Sophia took up a copy of
Literary World
, found the passage she was looking for, and unwittingly read Herman's own words aloud to him: “‘Where Hawthorne is known, he seems to be deemed a pleasant writer, with a pleasant style—a sequestered, harmless man, from whom any deep and weighty thing would hardly be anticipated—a man who means no meanings.'” She looked up. “Despite the wealth of brilliance the reviewer brings to his interpretations of Nathaniel's stories, he seems never to have heard of him before or understand the fame and controversy that have followed his recent work. It seems a direct contradiction to compare Nathaniel with Shakespeare and then call him a pleasant writer who means no meanings. And if you ask for Nathaniel around Salem, you will find impressions of him there anything but harmless, after
The Scarlet Letter
.”

Herman felt chagrined that he had dashed the review off so hastily, and he wondered now what he could possibly have been thinking when he wrote that sentence. He wondered if, rather than flattering Hawthorne, he might instead have found myriad ways of offending him. “I think I can clear up this misunderstanding rather easily,” he said. “You see, the reviewer had simply never been acquainted with Mr. Hawthorne before; and, while he was writing this review, he asked a few acquaintances for their ideas of his early work. He was speaking of the impression one might have of Hawthorne if one had read only the surface meanings of his earlier stories.”
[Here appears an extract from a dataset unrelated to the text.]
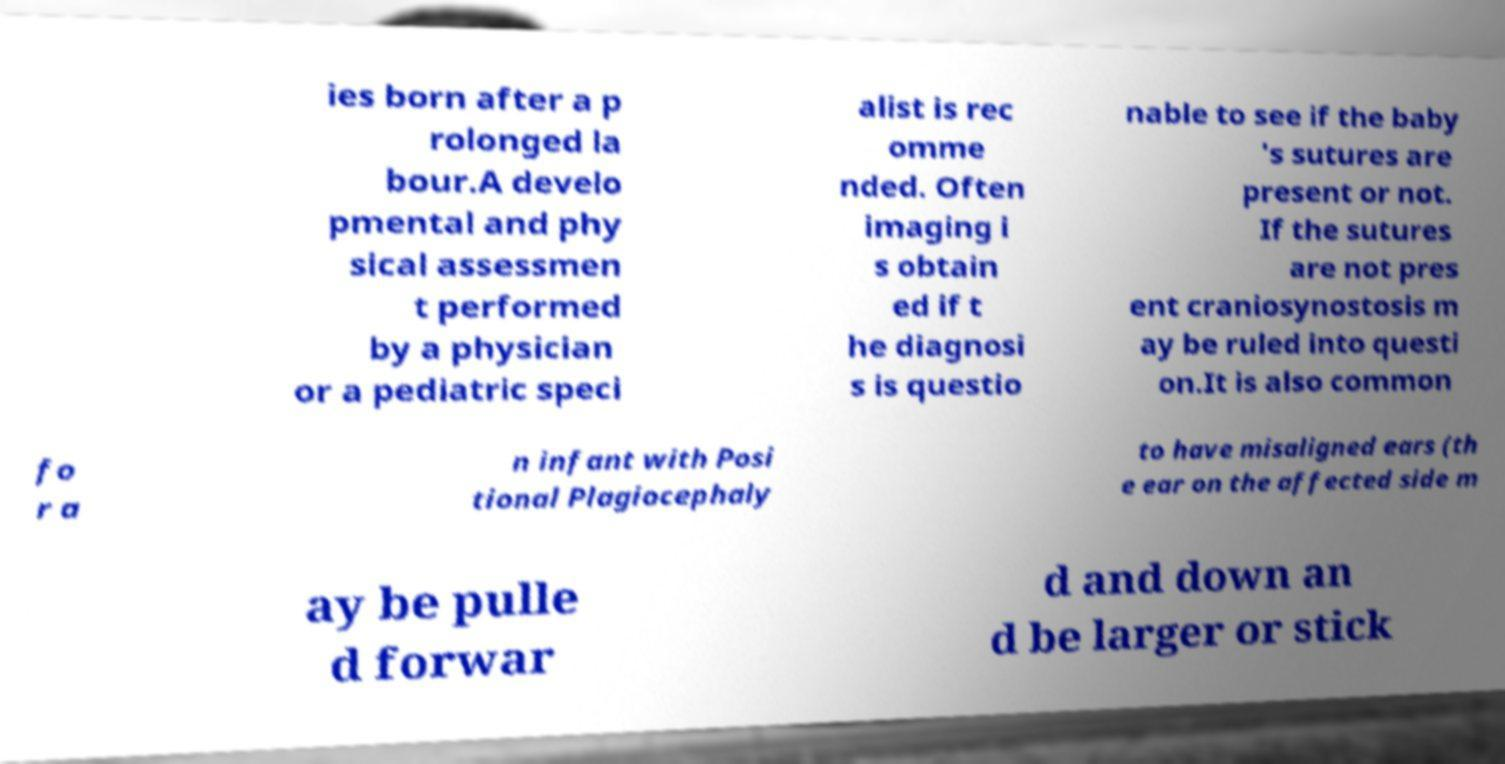Could you extract and type out the text from this image? ies born after a p rolonged la bour.A develo pmental and phy sical assessmen t performed by a physician or a pediatric speci alist is rec omme nded. Often imaging i s obtain ed if t he diagnosi s is questio nable to see if the baby 's sutures are present or not. If the sutures are not pres ent craniosynostosis m ay be ruled into questi on.It is also common fo r a n infant with Posi tional Plagiocephaly to have misaligned ears (th e ear on the affected side m ay be pulle d forwar d and down an d be larger or stick 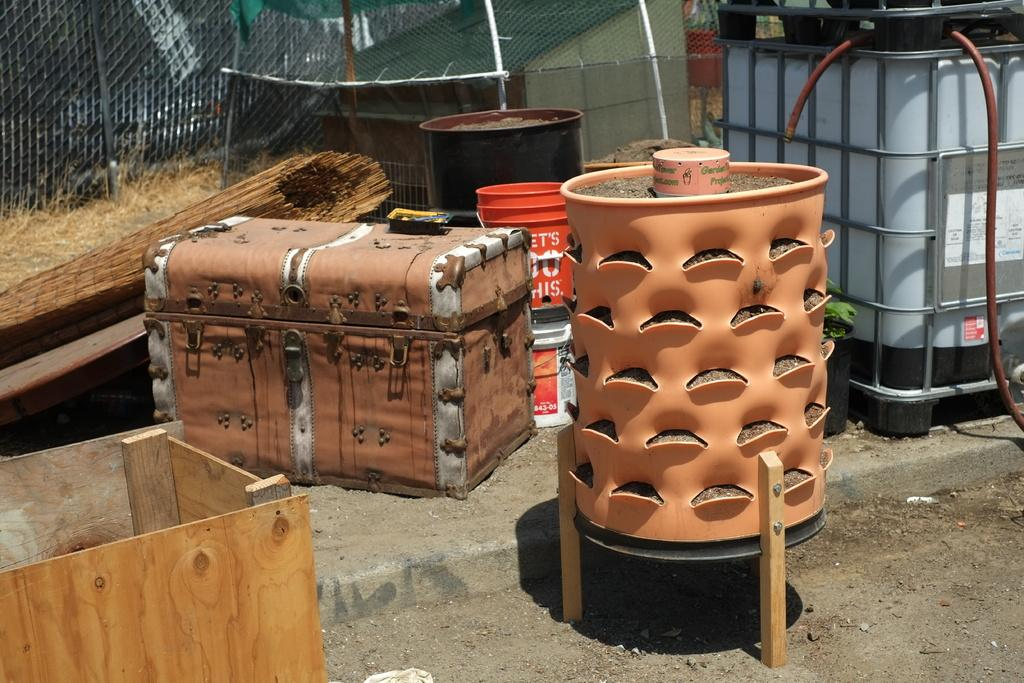What object in the image is typically used for carrying belongings? There is a suitcase in the image, which is typically used for carrying belongings. What object in the image is typically used for holding liquids? There is a bucket in the image, which is typically used for holding liquids. What can be seen in the background of the image? There is a fence in the background of the image. What type of land area is visible at the bottom of the image? The bottom of the image contains a land area with stones. Can you see any mountains in the image? There are no mountains present in the image. Are there any flies visible in the image? There are no flies present in the image.

Sophia considered this for a moment. “How can you speak with such authority about the intentions of this anonymous gentleman, Herman?”

“In fact, I'm on the most intimate terms with him.” Herman had imagined confessing his secret to Nathaniel, but somehow Sophia's critique and the crack it opened in his confidence made him want to tell her first, to test the waters.

“You must tell me who it is, Herman, at once.”

Herman made a low, sweeping bow and then stood back up with an embarrassed grin. “At your service.”

“You? But . . . a Virginian? Vermont? I'm afraid I don't understand it.”

“I think Mr. Duyckinck felt uncomfortable with some of my views regarding your husband and Shakespeare, and perhaps publishing the review anonymously allowed him to feel more at liberty to print them.”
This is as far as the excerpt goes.